• [WHAT IS BEING ASKED] Transcribe exactly each line of the entries, from the opening line to the line with "- bicycle (329,595,414,648)", with both of those lines included.

[Extracted data entries]

········

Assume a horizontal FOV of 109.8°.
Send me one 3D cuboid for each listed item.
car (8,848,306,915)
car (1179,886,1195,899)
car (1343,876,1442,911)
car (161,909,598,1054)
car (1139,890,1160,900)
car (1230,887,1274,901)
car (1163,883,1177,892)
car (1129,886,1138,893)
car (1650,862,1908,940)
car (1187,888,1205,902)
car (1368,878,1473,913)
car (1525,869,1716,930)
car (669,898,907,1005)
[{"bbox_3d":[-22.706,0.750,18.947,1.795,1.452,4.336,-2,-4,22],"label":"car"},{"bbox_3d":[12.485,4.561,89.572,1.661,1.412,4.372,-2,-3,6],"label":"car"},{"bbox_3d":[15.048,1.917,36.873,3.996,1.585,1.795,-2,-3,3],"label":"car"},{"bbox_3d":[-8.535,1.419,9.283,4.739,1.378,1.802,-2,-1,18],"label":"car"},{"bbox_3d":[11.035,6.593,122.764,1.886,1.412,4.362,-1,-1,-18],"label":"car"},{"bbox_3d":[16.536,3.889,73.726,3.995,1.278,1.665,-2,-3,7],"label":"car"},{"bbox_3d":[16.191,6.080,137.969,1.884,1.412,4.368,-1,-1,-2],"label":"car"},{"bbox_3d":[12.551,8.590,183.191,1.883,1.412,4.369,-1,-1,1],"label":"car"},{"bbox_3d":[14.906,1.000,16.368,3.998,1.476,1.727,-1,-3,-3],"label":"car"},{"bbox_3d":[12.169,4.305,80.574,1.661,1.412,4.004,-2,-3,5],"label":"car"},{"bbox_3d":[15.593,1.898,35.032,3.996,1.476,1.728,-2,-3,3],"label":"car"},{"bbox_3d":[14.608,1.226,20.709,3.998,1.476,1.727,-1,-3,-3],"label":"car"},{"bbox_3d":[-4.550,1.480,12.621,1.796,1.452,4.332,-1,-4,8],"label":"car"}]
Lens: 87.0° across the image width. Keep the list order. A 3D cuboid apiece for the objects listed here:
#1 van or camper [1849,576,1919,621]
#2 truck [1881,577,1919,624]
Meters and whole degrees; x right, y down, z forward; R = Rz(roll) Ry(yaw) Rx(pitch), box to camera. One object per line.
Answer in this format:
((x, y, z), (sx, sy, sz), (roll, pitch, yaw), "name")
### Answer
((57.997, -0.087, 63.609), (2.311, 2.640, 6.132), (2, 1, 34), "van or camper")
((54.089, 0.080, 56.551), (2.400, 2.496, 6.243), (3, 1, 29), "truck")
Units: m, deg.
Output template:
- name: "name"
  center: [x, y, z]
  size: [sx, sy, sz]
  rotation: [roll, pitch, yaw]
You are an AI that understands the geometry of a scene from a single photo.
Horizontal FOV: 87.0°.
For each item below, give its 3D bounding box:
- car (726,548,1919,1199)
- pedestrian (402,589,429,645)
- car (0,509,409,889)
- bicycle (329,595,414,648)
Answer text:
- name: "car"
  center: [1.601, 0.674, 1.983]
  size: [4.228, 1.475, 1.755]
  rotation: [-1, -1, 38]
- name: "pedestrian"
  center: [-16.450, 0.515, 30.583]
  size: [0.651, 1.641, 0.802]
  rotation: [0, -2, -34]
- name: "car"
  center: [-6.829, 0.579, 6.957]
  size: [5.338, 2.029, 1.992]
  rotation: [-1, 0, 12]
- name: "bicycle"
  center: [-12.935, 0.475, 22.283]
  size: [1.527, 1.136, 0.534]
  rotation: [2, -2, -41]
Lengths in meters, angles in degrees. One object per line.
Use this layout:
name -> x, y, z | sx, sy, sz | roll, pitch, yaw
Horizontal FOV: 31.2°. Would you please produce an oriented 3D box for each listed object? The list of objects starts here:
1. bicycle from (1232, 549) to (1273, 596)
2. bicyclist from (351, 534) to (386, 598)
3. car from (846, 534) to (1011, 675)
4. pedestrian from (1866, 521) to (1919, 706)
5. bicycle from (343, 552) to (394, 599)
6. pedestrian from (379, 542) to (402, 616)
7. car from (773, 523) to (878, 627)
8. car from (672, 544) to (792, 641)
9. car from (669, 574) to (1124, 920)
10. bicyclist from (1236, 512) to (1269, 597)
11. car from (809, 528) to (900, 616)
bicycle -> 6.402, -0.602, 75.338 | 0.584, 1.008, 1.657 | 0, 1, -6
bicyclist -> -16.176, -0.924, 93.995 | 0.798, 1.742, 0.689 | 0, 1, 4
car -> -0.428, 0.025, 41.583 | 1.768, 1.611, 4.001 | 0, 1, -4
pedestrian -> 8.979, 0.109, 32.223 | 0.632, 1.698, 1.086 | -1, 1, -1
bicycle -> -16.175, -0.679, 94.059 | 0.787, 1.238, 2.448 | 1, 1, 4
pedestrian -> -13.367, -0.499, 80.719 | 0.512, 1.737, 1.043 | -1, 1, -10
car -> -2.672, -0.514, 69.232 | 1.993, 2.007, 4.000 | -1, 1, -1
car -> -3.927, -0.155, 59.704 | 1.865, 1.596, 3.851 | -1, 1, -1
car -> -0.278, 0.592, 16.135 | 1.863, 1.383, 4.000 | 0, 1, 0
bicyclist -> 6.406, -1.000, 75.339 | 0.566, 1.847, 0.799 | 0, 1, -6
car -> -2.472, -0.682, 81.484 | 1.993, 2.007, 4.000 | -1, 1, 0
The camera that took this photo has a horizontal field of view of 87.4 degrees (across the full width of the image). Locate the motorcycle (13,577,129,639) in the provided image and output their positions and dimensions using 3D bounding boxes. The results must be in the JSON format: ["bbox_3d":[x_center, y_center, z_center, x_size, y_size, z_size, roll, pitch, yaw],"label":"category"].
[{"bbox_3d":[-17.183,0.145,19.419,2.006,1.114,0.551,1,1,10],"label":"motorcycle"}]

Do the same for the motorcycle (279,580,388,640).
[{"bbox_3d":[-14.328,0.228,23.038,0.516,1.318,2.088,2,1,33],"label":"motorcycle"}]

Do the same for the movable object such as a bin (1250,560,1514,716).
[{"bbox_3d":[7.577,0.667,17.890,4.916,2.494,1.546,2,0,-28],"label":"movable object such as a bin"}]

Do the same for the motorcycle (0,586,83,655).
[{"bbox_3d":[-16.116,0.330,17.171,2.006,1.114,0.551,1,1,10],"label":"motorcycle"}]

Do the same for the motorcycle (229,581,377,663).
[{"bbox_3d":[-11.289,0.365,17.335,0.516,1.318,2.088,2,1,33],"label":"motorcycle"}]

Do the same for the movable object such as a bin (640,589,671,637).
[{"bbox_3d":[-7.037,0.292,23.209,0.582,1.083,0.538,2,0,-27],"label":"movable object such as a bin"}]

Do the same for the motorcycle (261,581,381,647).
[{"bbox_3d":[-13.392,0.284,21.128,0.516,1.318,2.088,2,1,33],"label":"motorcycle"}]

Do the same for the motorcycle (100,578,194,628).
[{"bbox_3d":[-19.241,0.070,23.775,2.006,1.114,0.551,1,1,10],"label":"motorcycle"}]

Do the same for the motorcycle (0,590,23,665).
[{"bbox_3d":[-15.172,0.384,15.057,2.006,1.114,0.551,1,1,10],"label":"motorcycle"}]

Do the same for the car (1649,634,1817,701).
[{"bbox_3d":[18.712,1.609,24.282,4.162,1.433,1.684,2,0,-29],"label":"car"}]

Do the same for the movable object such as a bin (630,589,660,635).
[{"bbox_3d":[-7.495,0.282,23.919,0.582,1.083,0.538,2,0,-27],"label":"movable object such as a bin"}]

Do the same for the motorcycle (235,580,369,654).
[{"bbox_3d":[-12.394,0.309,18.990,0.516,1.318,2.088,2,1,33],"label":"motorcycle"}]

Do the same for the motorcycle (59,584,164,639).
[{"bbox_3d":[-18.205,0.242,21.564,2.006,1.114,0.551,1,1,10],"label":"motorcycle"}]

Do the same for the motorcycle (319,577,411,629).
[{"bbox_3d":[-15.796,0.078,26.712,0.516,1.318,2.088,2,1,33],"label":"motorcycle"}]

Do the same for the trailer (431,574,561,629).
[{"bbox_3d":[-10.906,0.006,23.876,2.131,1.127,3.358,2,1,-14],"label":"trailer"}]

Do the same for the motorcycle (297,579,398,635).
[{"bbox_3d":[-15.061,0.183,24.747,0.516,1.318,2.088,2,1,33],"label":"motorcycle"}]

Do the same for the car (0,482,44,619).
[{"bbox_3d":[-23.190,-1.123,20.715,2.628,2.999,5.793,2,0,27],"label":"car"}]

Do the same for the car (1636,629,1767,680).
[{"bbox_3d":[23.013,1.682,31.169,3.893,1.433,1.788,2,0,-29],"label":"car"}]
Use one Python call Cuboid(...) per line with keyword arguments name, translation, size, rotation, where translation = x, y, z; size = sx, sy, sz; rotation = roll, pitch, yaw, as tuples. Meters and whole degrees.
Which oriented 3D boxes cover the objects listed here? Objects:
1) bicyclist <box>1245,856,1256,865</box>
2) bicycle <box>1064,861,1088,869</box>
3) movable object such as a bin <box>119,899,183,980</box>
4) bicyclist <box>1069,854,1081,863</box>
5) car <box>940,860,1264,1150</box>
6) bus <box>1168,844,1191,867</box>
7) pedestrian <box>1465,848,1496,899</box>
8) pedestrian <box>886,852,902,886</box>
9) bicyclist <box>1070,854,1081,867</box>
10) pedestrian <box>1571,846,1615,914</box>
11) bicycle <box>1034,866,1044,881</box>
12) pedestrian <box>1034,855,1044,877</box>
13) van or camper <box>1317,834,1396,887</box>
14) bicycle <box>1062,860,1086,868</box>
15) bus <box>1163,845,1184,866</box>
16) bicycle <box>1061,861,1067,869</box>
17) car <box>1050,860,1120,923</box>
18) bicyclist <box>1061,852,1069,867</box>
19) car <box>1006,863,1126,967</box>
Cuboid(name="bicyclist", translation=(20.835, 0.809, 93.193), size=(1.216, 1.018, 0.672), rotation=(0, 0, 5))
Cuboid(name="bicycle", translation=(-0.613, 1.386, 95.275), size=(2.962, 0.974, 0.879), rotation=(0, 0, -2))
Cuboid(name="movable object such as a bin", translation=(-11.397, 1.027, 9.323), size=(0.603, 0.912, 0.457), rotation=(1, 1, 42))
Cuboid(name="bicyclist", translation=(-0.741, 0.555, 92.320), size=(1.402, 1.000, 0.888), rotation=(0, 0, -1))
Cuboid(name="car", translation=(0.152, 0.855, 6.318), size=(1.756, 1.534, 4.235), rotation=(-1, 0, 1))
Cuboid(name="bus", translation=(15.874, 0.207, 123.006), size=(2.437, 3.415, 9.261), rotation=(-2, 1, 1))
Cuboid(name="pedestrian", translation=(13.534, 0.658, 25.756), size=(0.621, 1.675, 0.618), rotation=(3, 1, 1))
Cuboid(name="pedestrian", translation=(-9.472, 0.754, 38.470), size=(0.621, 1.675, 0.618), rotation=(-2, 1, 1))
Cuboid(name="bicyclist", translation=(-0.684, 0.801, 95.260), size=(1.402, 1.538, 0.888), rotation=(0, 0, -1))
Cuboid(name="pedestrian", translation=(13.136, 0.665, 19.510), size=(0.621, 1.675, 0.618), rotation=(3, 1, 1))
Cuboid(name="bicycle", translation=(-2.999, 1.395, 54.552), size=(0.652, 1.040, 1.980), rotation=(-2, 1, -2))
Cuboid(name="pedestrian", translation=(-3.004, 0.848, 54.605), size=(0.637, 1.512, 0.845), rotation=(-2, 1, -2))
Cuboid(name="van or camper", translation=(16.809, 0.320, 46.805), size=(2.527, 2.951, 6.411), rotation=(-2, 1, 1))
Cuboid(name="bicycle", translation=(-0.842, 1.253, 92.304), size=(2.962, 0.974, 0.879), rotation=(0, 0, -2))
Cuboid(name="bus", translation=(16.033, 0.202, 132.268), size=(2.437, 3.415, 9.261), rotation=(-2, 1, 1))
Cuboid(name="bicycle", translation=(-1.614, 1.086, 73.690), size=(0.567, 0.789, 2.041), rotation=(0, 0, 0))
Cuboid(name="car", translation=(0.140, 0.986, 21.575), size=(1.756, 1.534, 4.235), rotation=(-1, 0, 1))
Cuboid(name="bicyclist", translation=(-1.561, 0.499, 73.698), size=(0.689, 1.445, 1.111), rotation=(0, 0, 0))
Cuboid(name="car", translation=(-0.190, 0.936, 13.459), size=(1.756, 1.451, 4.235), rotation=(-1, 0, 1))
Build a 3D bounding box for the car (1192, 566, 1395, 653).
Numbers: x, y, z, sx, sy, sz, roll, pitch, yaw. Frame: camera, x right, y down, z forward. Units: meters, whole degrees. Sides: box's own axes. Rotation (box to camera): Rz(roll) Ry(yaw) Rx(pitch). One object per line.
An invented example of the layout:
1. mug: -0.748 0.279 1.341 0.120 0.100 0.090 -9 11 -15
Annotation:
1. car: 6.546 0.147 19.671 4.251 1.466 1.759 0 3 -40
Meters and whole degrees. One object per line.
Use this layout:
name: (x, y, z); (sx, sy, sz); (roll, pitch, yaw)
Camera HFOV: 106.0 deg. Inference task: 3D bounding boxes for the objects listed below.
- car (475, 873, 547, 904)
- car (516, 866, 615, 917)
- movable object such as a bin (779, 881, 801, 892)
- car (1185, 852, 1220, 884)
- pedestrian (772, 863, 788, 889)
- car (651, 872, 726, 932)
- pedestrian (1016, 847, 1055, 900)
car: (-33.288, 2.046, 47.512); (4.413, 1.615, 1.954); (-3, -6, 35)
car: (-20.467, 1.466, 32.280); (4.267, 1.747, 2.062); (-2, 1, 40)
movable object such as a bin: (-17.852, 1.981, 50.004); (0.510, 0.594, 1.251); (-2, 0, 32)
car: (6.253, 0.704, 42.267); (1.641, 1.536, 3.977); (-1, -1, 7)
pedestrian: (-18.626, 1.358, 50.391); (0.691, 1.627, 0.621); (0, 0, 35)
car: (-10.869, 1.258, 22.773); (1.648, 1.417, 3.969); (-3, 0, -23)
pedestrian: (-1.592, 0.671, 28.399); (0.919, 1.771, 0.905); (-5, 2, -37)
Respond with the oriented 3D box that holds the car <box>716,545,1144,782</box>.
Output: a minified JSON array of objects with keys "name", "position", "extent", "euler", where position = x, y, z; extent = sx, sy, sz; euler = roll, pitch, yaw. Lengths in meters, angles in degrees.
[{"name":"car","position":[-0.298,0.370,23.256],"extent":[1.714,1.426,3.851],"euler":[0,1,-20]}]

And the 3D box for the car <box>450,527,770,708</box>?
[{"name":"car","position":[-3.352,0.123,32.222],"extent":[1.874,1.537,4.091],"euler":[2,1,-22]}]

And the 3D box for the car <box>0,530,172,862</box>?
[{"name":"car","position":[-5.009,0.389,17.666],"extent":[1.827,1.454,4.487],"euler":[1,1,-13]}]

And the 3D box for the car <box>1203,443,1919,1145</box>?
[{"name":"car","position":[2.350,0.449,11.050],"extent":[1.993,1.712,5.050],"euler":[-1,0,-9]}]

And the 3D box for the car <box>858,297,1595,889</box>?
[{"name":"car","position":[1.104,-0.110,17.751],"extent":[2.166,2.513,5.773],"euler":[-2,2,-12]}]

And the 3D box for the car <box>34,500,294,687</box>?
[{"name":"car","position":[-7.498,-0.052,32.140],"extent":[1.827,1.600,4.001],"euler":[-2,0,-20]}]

········

• [RESULT OF THIS TASK]
Assume a horizontal FOV of 109.8°.
Send me one 3D cuboid for each listed item.
car (8,848,306,915)
car (1179,886,1195,899)
car (1343,876,1442,911)
car (161,909,598,1054)
car (1139,890,1160,900)
car (1230,887,1274,901)
car (1163,883,1177,892)
car (1129,886,1138,893)
car (1650,862,1908,940)
car (1187,888,1205,902)
car (1368,878,1473,913)
car (1525,869,1716,930)
car (669,898,907,1005)
[{"bbox_3d":[-22.706,0.750,18.947,1.795,1.452,4.336,-2,-4,22],"label":"car"},{"bbox_3d":[12.485,4.561,89.572,1.661,1.412,4.372,-2,-3,6],"label":"car"},{"bbox_3d":[15.048,1.917,36.873,3.996,1.585,1.795,-2,-3,3],"label":"car"},{"bbox_3d":[-8.535,1.419,9.283,4.739,1.378,1.802,-2,-1,18],"label":"car"},{"bbox_3d":[11.035,6.593,122.764,1.886,1.412,4.362,-1,-1,-18],"label":"car"},{"bbox_3d":[16.536,3.889,73.726,3.995,1.278,1.665,-2,-3,7],"label":"car"},{"bbox_3d":[16.191,6.080,137.969,1.884,1.412,4.368,-1,-1,-2],"label":"car"},{"bbox_3d":[12.551,8.590,183.191,1.883,1.412,4.369,-1,-1,1],"label":"car"},{"bbox_3d":[14.906,1.000,16.368,3.998,1.476,1.727,-1,-3,-3],"label":"car"},{"bbox_3d":[12.169,4.305,80.574,1.661,1.412,4.004,-2,-3,5],"label":"car"},{"bbox_3d":[15.593,1.898,35.032,3.996,1.476,1.728,-2,-3,3],"label":"car"},{"bbox_3d":[14.608,1.226,20.709,3.998,1.476,1.727,-1,-3,-3],"label":"car"},{"bbox_3d":[-4.550,1.480,12.621,1.796,1.452,4.332,-1,-4,8],"label":"car"}]
Lens: 87.0° across the image width. Keep the list order. A 3D cuboid apiece for the objects listed here:
#1 van or camper [1849,576,1919,621]
#2 truck [1881,577,1919,624]
Meters and whole degrees; x right, y down, z forward; R = Rz(roll) Ry(yaw) Rx(pitch), box to camera. One object per line.
Answer in this format:
((x, y, z), (sx, sy, sz), (roll, pitch, yaw), "name")
### Answer
((57.997, -0.087, 63.609), (2.311, 2.640, 6.132), (2, 1, 34), "van or camper")
((54.089, 0.080, 56.551), (2.400, 2.496, 6.243), (3, 1, 29), "truck")
Units: m, deg.
Output template:
- name: "name"
  center: [x, y, z]
  size: [sx, sy, sz]
  rotation: [roll, pitch, yaw]
You are an AI that understands the geometry of a scene from a single photo.
Horizontal FOV: 87.0°.
For each item below, give its 3D bounding box:
- car (726,548,1919,1199)
- pedestrian (402,589,429,645)
- car (0,509,409,889)
- bicycle (329,595,414,648)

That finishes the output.